Easily grown in average, dry to medium, well-drained soils in full sun. Tolerant of poor soils, drought, summer heat and humidity. Intolerant of wet soils in winter.

Noteworthy Characteristics

Liatris aspera, commonly called rough blazing star, is an upright, clump-forming, Missouri native perennial which typically grows 2-3′ tall (less frequently to 5′) and which commonly occurs in dryish soils on prairies, open woods, glades, meadows and along roads and railroad tracks. Features rounded, fluffy, deep rose-purple flower heads (each 3/4″ across) which are crowded into long, terminal flower spikes atop erect, rigid, leafy flower stalks.

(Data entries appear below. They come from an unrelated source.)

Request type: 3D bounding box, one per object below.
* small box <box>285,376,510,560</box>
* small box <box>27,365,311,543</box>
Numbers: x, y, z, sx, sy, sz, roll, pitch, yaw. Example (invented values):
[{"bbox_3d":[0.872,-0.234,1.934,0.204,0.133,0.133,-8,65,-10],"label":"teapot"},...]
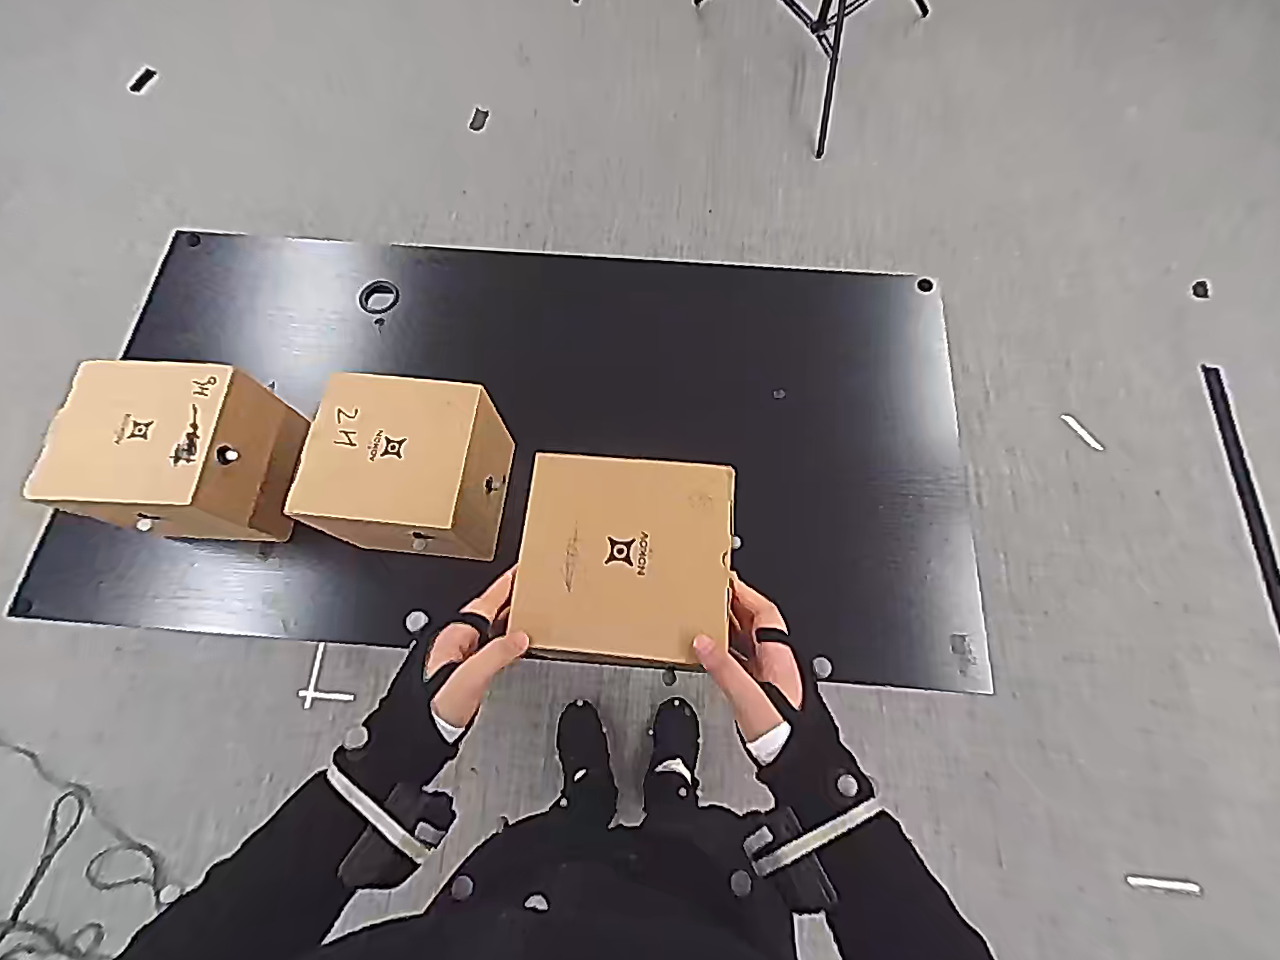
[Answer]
[{"bbox_3d":[-0.267,-0.004,0.646,0.179,0.176,0.168,5,70,2],"label":"small box"},{"bbox_3d":[-0.539,-0.022,0.654,0.179,0.176,0.168,2,71,1],"label":"small box"}]
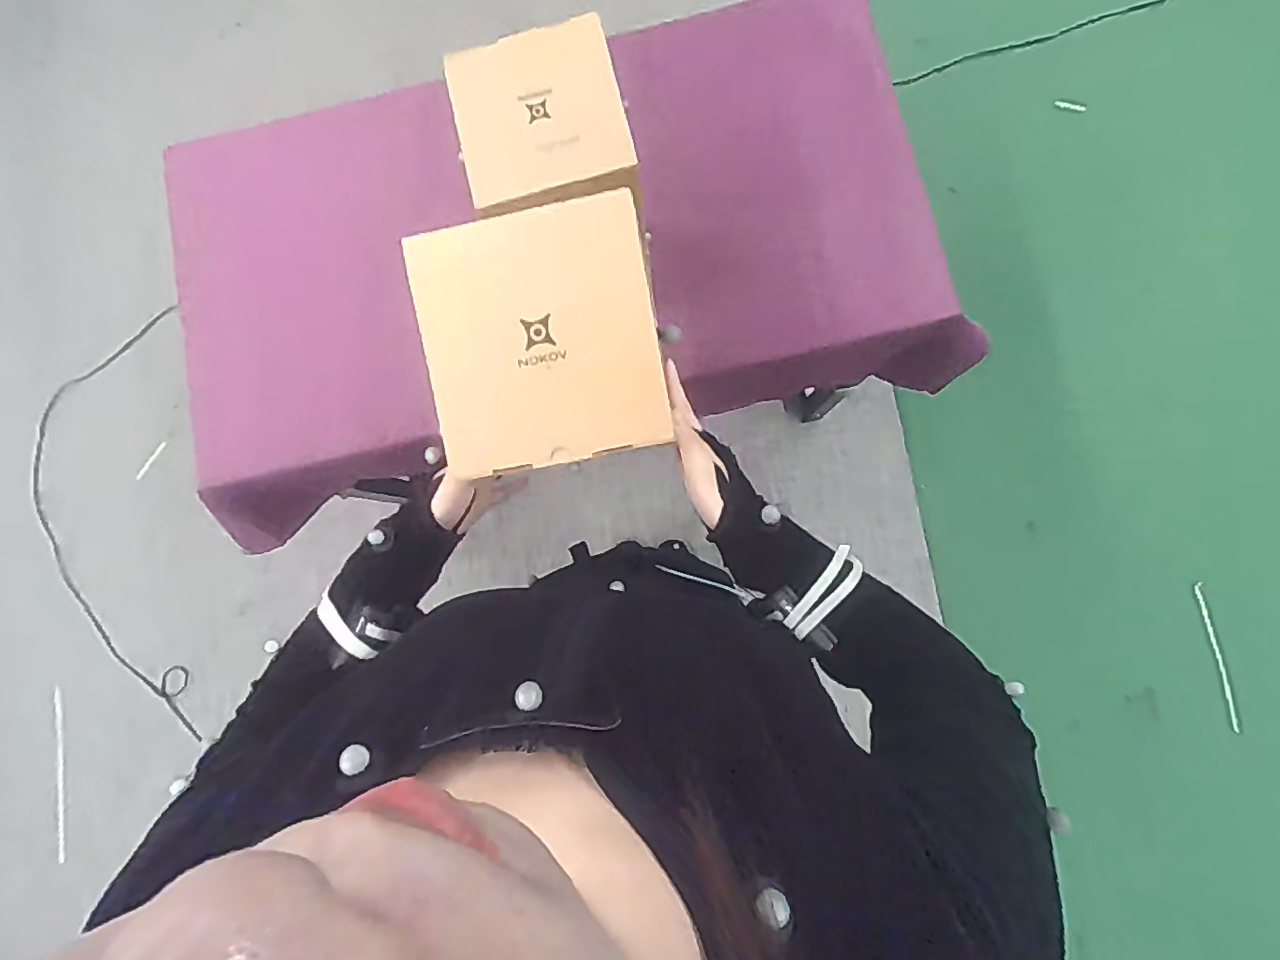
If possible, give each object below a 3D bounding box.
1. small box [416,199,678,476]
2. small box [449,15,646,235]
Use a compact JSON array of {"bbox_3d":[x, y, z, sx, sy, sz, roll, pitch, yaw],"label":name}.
[{"bbox_3d":[-0.063,-0.105,0.465,0.168,0.176,0.179,-10,94,4],"label":"small box"},{"bbox_3d":[-0.093,-0.356,0.613,0.168,0.176,0.179,-13,83,3],"label":"small box"}]

Stalks arise from basal tufts of rough, very narrow, lance-shaped leaves (to 12″ long). Flowers open somewhat at the same time, which makes this species a particularly good fresh cut flower for floral arrangements. Blooms later (late summer to fall) than most other Liatris species. Liatris belongs to the aster family, with each flower head having only fluffy disk flowers (resembling “blazing stars”) and no rays. This species is distinguished from other Liatris species by its rough appearance and rounded, outflaring involucral bracts.

Genus name of unknown origin.

Specific epithet means rough.

Problems

No serious insect or disease problems. Taller spires may need staking.

Garden Uses

Perennial borders, cutting gardens, native plant gardens or naturalized areas.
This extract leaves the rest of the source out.